Scheme Optimization Of The Panel Barrier Design And Study About Ground Pressure Monitoring In The Large Scale Backfilling Of Mine Stope

With the gradual depletion of the shallow resources, mineral resources development has become the inevitable trend of advancing deep. Rock burst occurs frequently as the mining depth increases and maximize the recovery of mineral resources safely is ensured by the scientific management and ground pressure monitoring.The ground pressure activities in Xinqiao Mining Cooperation Ltd (shortly, XMC) which caused by the shallow sublevel (-180m～-230m) having no permanent continuous panel barrier, the 0.15-0.20 km2 large mined-out area's being filled poorly and roof-contacted filling difficultly were analyzed and studied in detail, using such means as theoretical analysis, numerical simulation and ground pressure monitoring and aiming at the problem existing in the course of deep filling method (sublevel-230m～-270m).

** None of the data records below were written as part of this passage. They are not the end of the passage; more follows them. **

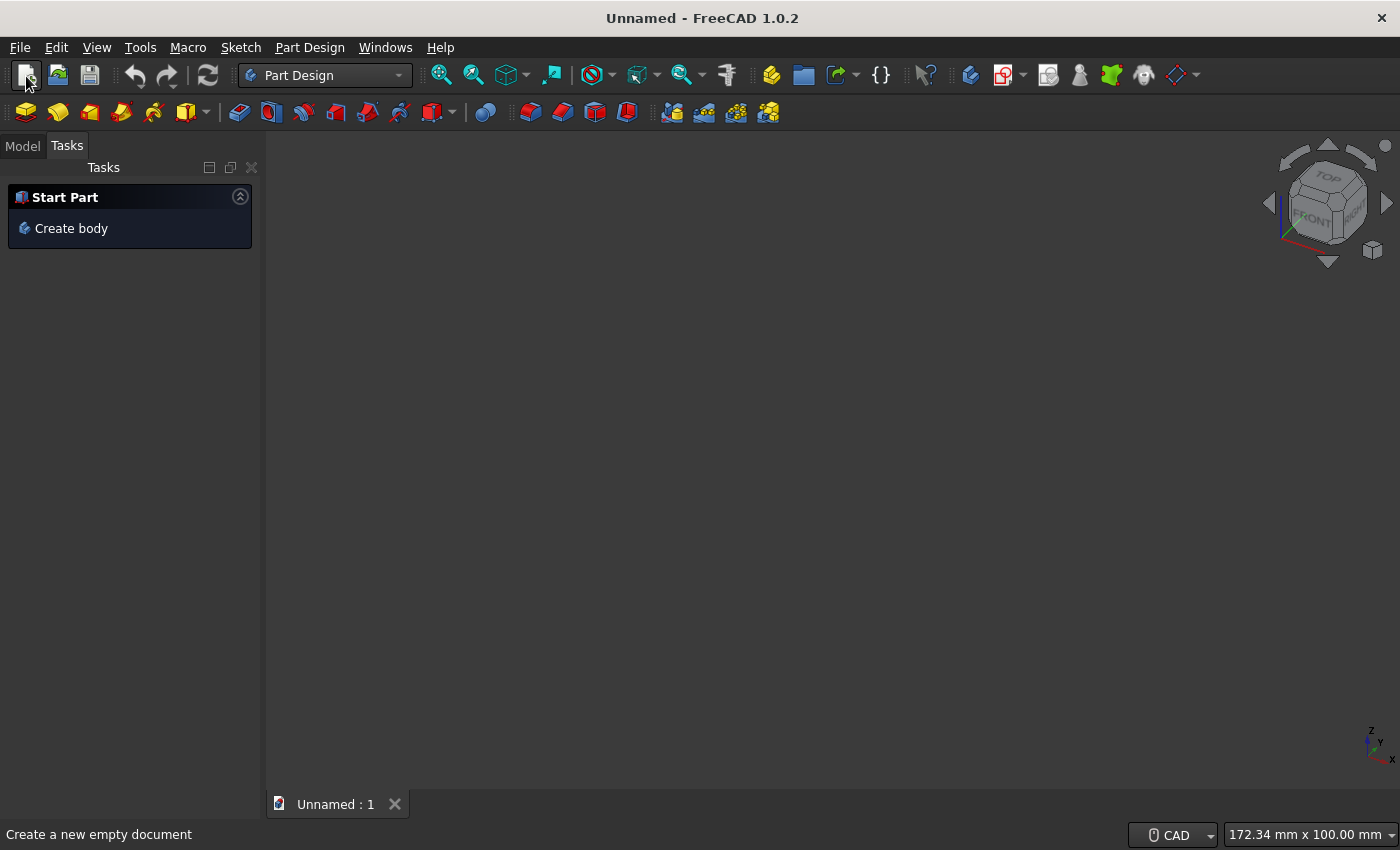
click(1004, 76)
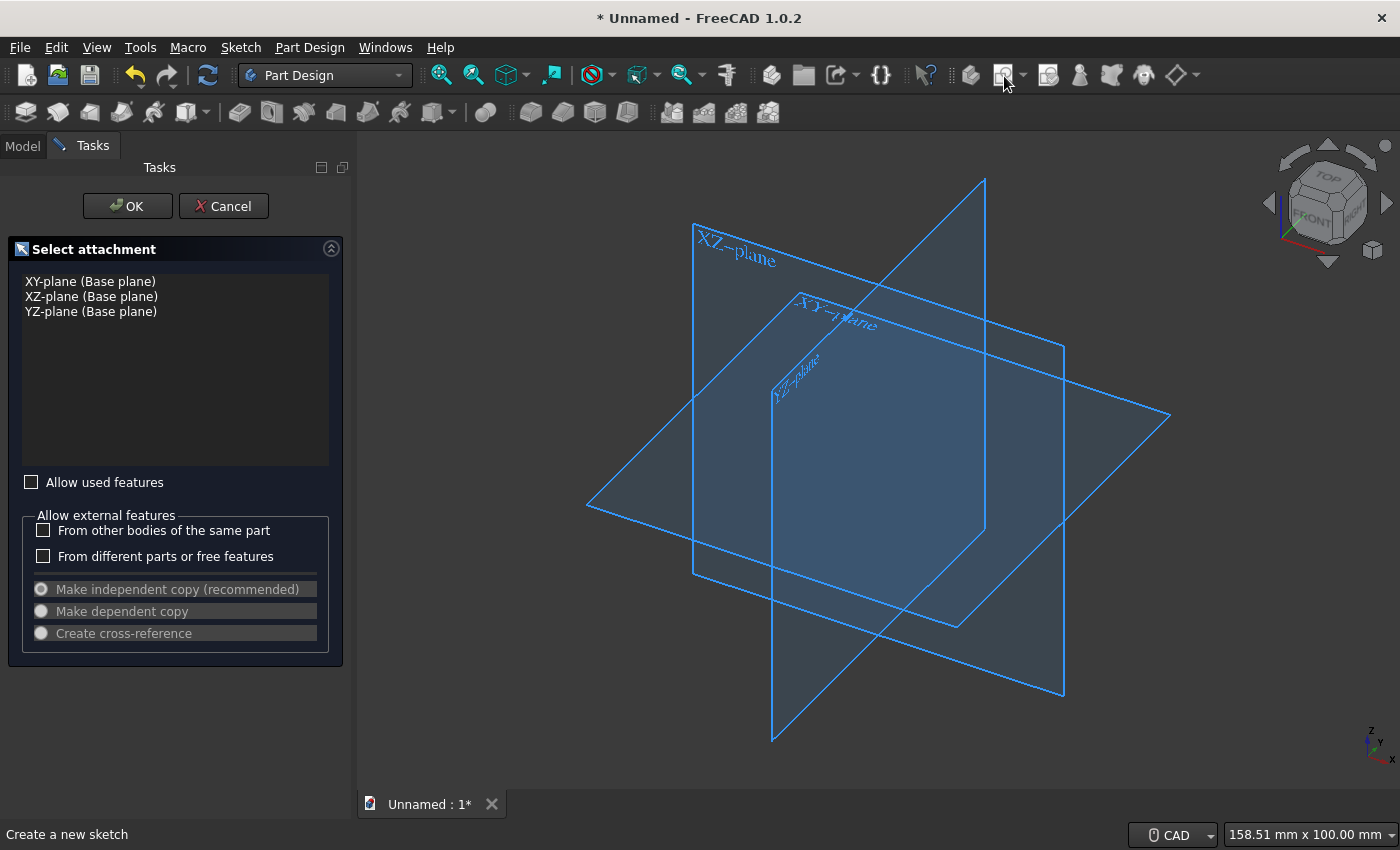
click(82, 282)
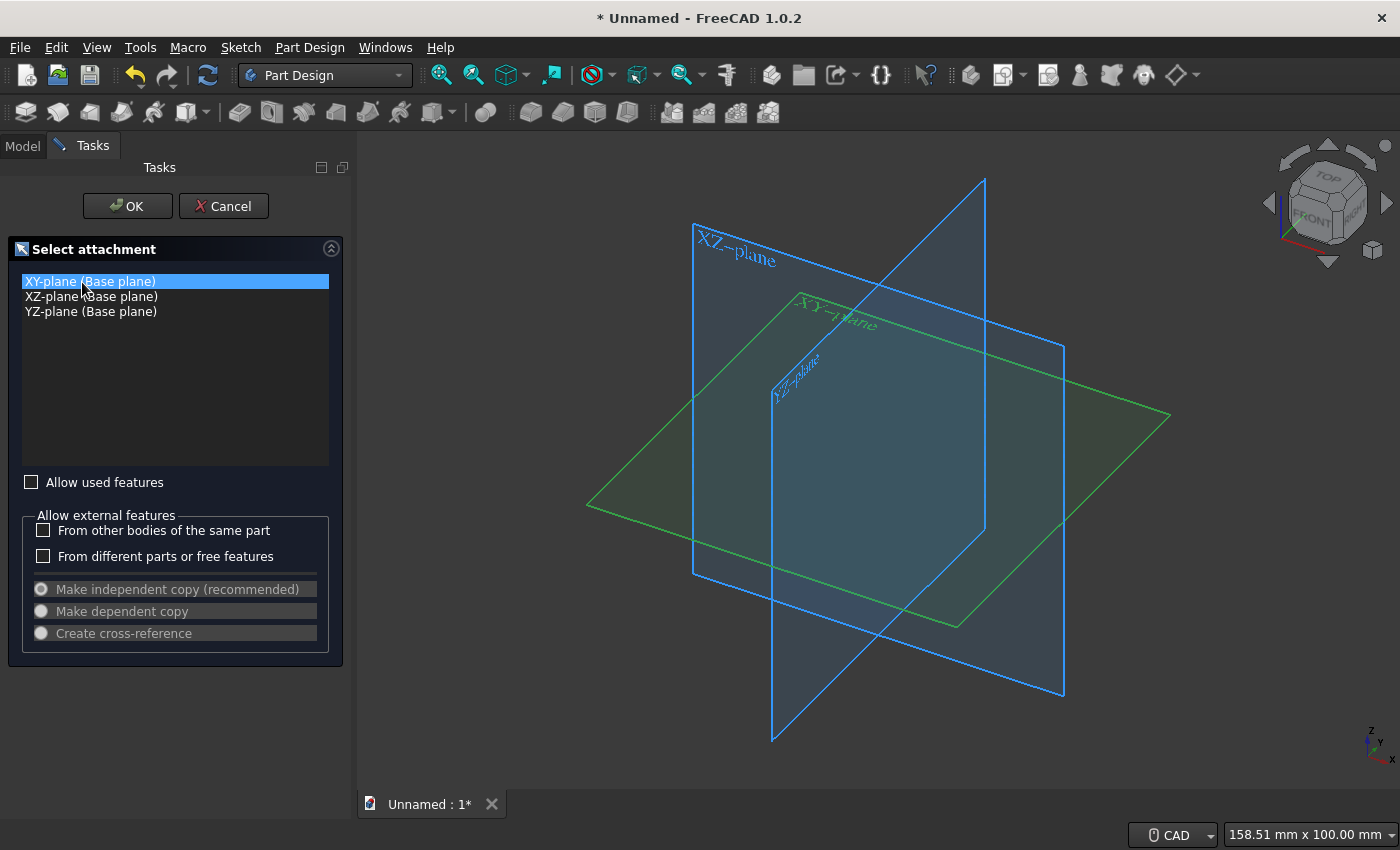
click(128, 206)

Main researching work and conclusions are summarized as follows:1. Based on fracturing mechanism and types of rock mass failure, the energy variation of rocks in failure process was studied on conversation of energy and the main factors that influenced the stability of the gob roof, the pillar and mechanical mechanism was discussed.2. The mechanical model of pillar and roof system was established, using the energy conservation principle and cusp catastrophe theory, According to the establishment of system potential function, the mechanism and necessary and sufficient conditions of catastrophe instability of pillar and roof system were revealed, and the stability of stope in XMC were analyzed based on it. A conclusion was drawn that the panel barrier would be necessary to be remained.3. Stress and displacement of underground stope in-270m with different design of panel barrier were simulated utilizing the large-scale finite element software MIDAS, and the design of panel barrier were optimized which took both economical benefit and site safety management into account.4. According to the numerical simulation results combined with on-site construction experience, the XMC's ground pressure monitoring network was designed. The monitoring network was established by putting the taseometer and displacemeter into reasonable place, and the displacement data obtained were analyzed to verify the reliability of the numerical simulation and to predict the ground pressure area which appeared more serious, which provided a basis for the safe and effective mining.